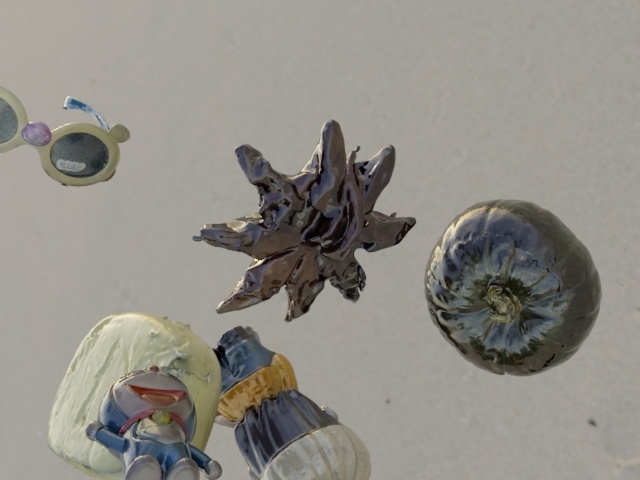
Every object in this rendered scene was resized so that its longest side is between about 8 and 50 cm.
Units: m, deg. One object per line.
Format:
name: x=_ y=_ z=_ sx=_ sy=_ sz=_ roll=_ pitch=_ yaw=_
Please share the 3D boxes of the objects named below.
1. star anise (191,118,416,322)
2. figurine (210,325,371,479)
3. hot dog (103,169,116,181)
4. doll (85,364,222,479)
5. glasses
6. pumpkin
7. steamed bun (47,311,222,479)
star anise: x=0.000 y=0.000 z=1.106 sx=0.272 sy=0.272 sz=0.102 roll=-55 pitch=37 yaw=12
figurine: x=-0.067 y=0.291 z=1.585 sx=0.185 sy=0.332 sz=0.204 roll=-41 pitch=-2 yaw=5
hot dog: x=-0.319 y=-0.104 z=1.455 sx=0.083 sy=0.058 sz=0.035 roll=20 pitch=111 yaw=60
doll: x=-0.147 y=0.167 z=0.900 sx=0.152 sy=0.114 sz=0.086 roll=-122 pitch=48 yaw=-63
glasses: x=-0.327 y=-0.134 z=1.154 sx=0.088 sy=0.189 sz=0.220 roll=-66 pitch=26 yaw=5
pumpkin: x=0.244 y=0.065 z=1.353 sx=0.238 sy=0.238 sz=0.159 roll=-39 pitch=-6 yaw=34
steamed bun: x=-0.225 y=0.219 z=1.370 sx=0.273 sy=0.166 sz=0.232 roll=4 pitch=68 yaw=49
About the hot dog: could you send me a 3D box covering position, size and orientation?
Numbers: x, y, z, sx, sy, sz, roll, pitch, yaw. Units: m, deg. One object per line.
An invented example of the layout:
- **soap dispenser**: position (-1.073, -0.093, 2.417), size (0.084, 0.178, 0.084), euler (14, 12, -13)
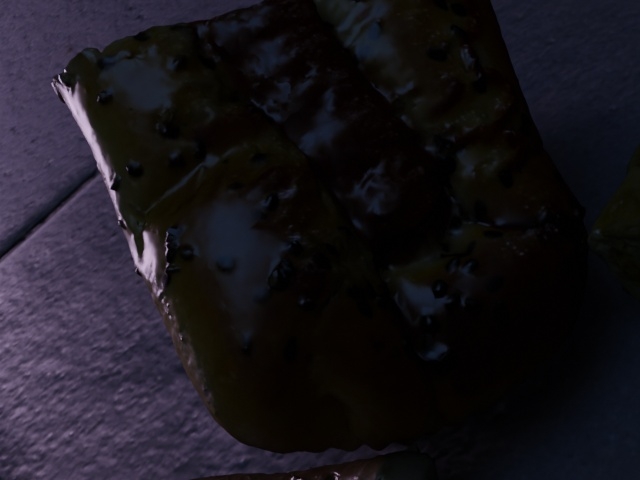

◆ ◆ ◆ ◆ ◆ ◆ ◆

*Exercise*. Please show every line above that includes the word "position".

*Response below*.
About the hot dog: could you send me a 3D box covering position, size and orientation?
- **soap dispenser**: position (-1.073, -0.093, 2.417), size (0.084, 0.178, 0.084), euler (14, 12, -13)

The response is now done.